貯め期とは?人生に4回あるお金を貯める時期を把握しよう
執筆者:木崎涼(ファイナンシャルプランナー)
2020年11月12日
お金の貯めやすさは、ライフステージによって変わります。それぞれの「貯め期」を逃さず貯蓄することで、効率的な資産形成が可能になります。この記事では、4つの貯め期を紹介するとともに、具体的な貯蓄方法をお伝えします。賢く貯蓄し、お金に関する不安を解消しましょう。
人生に4回あるお金の「貯め期」とは?
まず、4つのお金の「貯め期」を紹介します。
実は20歳になるまでの子ども時代も、お金の貯め期といわれています。ただ、お年玉やお小遣い状況は家庭によっても異なるため、今回は社会人になってからの貯め期を中心に紹介します。
●貯め期1. 独身時代
1回目は、就職してから結婚するまでの間です。
一人暮らしをする場合でも、工夫次第で生活費を抑えることは可能です。給与が少ないうちに支出をしっかり見直し、昇給してもそのままの生活を維持できれば、昇給分をそのまま貯蓄に回せます。
●貯め期2. 共働き時代
2回目は、結婚してから子どもができるまでの間です。
最近では共働きの家庭が増えてきました。二人暮らしになって生活費が一緒になると、「一人暮らし×2人分」より支出を抑えられます。お金について夫婦で話し合う機会を持ち、目標を決めて本格的に貯蓄をスタートしましょう。
●貯め期3. 出産から復職後
3回目は、出産後の育児休暇が明け、復職して再び共働きになったときです。
2019年10月から保育園が無償化されました。文部科学省の「平成30年度子供の学習費調査の結果について」によると、学費や学校外活動費等を含めた年間の学習費は、公立幼稚園が22万3,647円、公立小学校が32万1,281円です。子どもが小さいうちは、支出をコントロールすることで一定額の貯蓄を継続できます。
しかし、小学校高学年になると、成長期に差し掛かり食費が増えます。中学で部活動や習い事を始めるとさらに出費も増え、高校受験に向けて塾代がかかることもあるでしょう。こういった理由から、公立中学校の年間の学習費は48万8,397円と小学校より高額になります。

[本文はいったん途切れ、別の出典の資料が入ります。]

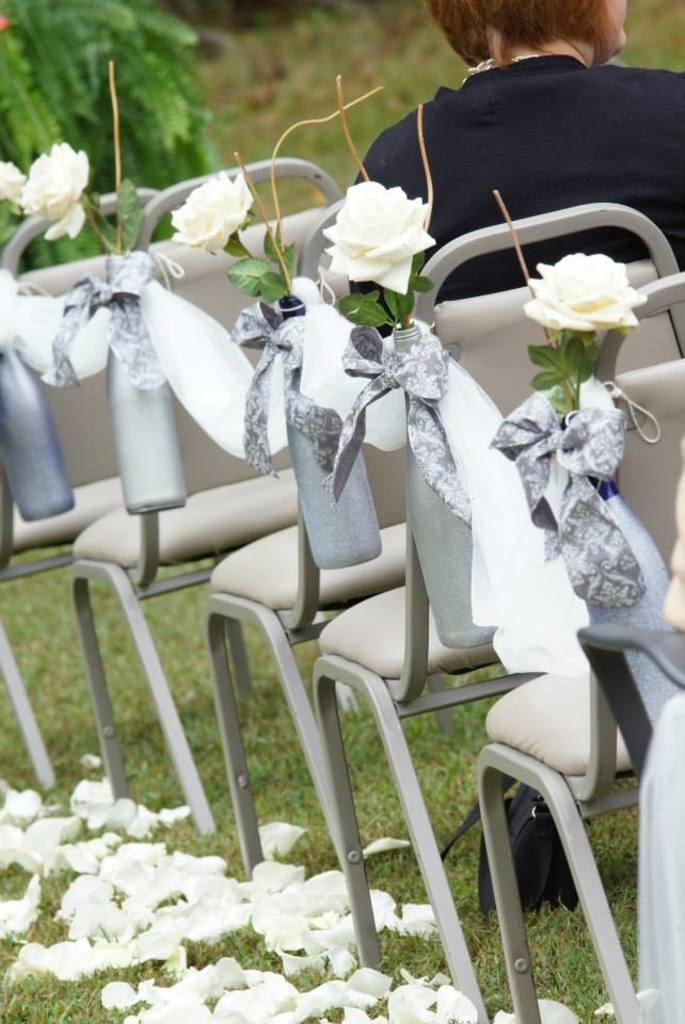What type of furniture can be seen in the image? There are chairs in the image. What decorative items are present in the image? There are ribbons and flowers in the image. What is the person in the image doing? A person is sitting on a chair. What can be seen in the distance in the image? There is a plant in the distance. Where is the cup located in the image? There is no cup present in the image. What type of alley can be seen in the image? There is no alley present in the image.

出産して復職した後は、子どもが小学生のうちに少しでも貯蓄をしておくようにしましょう。この時期に貯蓄することで、高校・大学の進学の選択肢も増えるはずです。仕事と家庭の両立で悩む時期でもありますが、家計管理をおろそかにせず、しっかり貯蓄を継続することが大切です。
●貯め期4. 子どもの独立後
4回目は、子どもが大学を卒業し、就職したときです。
定年退職を迎えるまでの間は、再び夫婦二人の生活になります。老後への備えについて本格的に検討を始める時期でもあるので、ライフプランを立て、計画的に貯蓄しましょう。
手取りの何パーセントを貯蓄に回す?平均貯蓄率を紹介
総務省の「家計調査結果(2019年、総務省統計局)」によると、1ヵ月の実収入の平均は58万6,149円です。これは夫婦の給与、月割にした賞与、臨時収入等を含めた金額です。ここから社会保険料や税金等を差し引いた可処分所得の平均は、47万6,645円です。そして、生活費が32万3,853円で、黒字額は15万2,792円となります。
- (※)二人以上の世帯のうち勤労者世帯の場合
手取り額に対する平均貯蓄率は、下記の計算式で推定できるでしょう。
黒字額15万2,792円 ÷ 手取り額47万6,645円 = 32%
賞与も含めた貯蓄率なので、毎月の手取り額から32%を貯蓄に回すのは難しいかもしれませんが、1つの目安になります。
貯め期を生かして賢く貯蓄しよう
貯め期を生かして貯蓄したいなら、「先取り貯蓄」を検討してみてください。残った分を貯蓄に回そうとしても、なかなか思うように貯蓄はできません。先に貯蓄し、残ったお金でやりくりする習慣が身につけば、ストレスなく着々と資産を増やしていけるはずです。
先取り貯蓄には、さまざまな方法があります。例えばつみたてNISAの制度を活用すれば、一定額の投資までなら運用益が非課税になります。約20%の税金がかからないメリットは大きいので、投資初心者はぜひ検討してみてください。
また、外貨を毎月自動で積み立てたり、毎月一定額を拠出しロボアドバイザーに運用を任せたりといった方法もあります。
今が人生の貯め期なら、自分に合った方法で「先取り貯蓄」をスタートし、賢く資産形成しましょう。